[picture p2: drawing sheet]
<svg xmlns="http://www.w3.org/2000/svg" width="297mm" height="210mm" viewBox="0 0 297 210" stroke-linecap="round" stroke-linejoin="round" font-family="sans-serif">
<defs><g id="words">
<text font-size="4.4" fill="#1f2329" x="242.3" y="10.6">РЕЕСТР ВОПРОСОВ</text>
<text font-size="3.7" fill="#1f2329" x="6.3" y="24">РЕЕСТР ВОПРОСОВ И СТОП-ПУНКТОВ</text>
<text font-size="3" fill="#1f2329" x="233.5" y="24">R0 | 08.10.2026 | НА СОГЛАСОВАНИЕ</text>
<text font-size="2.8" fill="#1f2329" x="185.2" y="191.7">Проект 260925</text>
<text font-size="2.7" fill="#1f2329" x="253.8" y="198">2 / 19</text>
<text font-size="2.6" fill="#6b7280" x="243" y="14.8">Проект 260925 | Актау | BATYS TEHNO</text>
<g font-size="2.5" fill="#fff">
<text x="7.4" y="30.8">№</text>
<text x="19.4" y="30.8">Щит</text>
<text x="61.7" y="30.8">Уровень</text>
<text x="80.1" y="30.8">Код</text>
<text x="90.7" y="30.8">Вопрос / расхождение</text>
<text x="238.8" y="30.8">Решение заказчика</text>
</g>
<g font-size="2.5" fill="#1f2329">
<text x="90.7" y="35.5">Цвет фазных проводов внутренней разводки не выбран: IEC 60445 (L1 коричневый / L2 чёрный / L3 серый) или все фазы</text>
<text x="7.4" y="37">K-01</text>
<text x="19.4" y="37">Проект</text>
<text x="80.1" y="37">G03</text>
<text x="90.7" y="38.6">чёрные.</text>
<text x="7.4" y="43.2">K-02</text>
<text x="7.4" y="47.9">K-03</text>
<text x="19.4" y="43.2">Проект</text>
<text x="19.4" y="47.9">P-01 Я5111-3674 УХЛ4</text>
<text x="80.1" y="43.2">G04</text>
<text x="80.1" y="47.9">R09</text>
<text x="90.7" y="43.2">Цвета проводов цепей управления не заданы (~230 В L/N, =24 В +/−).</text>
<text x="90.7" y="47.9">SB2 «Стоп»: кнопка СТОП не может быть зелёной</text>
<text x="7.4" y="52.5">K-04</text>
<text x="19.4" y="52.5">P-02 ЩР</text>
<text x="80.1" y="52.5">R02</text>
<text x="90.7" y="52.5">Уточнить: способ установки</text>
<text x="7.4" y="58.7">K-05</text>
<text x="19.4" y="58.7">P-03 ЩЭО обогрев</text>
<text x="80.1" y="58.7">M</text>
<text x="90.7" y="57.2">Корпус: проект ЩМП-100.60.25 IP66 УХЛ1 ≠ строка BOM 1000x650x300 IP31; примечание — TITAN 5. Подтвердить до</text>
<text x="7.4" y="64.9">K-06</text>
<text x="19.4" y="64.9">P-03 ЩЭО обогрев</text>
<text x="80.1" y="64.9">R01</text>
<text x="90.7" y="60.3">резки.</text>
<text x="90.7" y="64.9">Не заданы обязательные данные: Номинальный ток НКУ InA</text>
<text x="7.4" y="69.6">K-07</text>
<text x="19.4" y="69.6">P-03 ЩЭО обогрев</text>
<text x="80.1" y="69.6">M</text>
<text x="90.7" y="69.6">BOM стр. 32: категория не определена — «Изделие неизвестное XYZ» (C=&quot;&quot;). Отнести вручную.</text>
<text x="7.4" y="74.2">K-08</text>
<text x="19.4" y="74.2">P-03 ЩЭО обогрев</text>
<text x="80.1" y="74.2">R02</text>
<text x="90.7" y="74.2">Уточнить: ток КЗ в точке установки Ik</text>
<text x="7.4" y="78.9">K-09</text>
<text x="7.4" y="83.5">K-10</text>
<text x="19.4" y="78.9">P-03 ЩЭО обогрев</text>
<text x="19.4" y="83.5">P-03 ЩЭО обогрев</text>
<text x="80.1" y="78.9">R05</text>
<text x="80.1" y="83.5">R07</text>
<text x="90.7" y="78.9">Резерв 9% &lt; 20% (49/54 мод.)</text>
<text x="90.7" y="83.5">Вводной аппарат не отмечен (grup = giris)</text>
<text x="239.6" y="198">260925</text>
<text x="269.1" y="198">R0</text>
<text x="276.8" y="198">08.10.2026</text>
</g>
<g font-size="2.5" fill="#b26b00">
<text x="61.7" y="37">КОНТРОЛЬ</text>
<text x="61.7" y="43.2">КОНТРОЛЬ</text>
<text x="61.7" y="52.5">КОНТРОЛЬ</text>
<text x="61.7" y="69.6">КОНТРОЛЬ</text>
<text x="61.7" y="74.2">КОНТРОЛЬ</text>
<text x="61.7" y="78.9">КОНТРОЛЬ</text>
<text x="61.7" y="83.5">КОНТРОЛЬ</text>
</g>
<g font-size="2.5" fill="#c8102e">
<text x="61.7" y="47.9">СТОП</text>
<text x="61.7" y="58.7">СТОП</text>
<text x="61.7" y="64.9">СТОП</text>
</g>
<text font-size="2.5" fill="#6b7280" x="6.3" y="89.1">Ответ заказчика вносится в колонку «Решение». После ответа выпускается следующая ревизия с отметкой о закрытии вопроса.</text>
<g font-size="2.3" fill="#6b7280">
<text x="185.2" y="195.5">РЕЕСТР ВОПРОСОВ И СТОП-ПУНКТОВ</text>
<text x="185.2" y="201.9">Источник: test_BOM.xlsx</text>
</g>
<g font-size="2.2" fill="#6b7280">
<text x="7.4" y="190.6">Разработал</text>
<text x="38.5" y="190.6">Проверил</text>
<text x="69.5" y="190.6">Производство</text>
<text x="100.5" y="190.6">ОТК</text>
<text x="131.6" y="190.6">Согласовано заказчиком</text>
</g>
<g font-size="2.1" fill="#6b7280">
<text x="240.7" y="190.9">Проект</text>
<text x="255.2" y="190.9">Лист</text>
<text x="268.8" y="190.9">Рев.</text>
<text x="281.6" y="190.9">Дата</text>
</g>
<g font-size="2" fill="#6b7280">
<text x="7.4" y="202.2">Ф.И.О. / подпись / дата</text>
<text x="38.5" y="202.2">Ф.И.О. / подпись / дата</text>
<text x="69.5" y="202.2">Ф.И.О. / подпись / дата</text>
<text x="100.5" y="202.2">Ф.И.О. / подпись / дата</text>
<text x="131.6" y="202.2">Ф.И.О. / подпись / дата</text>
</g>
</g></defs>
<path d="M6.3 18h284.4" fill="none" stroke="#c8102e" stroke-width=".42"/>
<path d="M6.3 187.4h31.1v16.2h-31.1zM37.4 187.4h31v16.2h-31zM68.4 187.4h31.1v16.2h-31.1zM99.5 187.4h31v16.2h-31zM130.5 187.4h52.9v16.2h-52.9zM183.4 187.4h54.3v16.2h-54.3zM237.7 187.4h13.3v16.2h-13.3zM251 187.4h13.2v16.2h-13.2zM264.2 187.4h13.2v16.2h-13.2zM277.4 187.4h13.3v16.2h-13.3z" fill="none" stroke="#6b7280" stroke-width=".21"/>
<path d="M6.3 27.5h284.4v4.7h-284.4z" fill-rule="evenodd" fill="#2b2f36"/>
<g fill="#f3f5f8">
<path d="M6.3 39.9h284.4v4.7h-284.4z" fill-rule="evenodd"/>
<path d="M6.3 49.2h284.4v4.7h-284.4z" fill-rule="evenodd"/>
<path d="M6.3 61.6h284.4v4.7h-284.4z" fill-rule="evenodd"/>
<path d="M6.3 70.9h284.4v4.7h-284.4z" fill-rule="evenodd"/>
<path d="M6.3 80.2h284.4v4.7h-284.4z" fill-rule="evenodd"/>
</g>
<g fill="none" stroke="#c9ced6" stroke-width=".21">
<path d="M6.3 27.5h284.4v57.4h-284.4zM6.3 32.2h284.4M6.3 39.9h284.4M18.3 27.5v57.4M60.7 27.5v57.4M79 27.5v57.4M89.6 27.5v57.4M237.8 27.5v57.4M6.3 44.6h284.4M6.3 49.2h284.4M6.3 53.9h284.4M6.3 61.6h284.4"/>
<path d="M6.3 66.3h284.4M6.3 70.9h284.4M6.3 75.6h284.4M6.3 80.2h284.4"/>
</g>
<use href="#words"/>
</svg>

• • •

[Task]
Write out every line of the data that holds the word "заданы".

[Finished task]
<text x="90.7" y="43.2">Цвета проводов цепей управления не заданы (~230 В L/N, =24 В +/−).</text>
<text x="90.7" y="64.9">Не заданы обязательные данные: Номинальный ток НКУ InA</text>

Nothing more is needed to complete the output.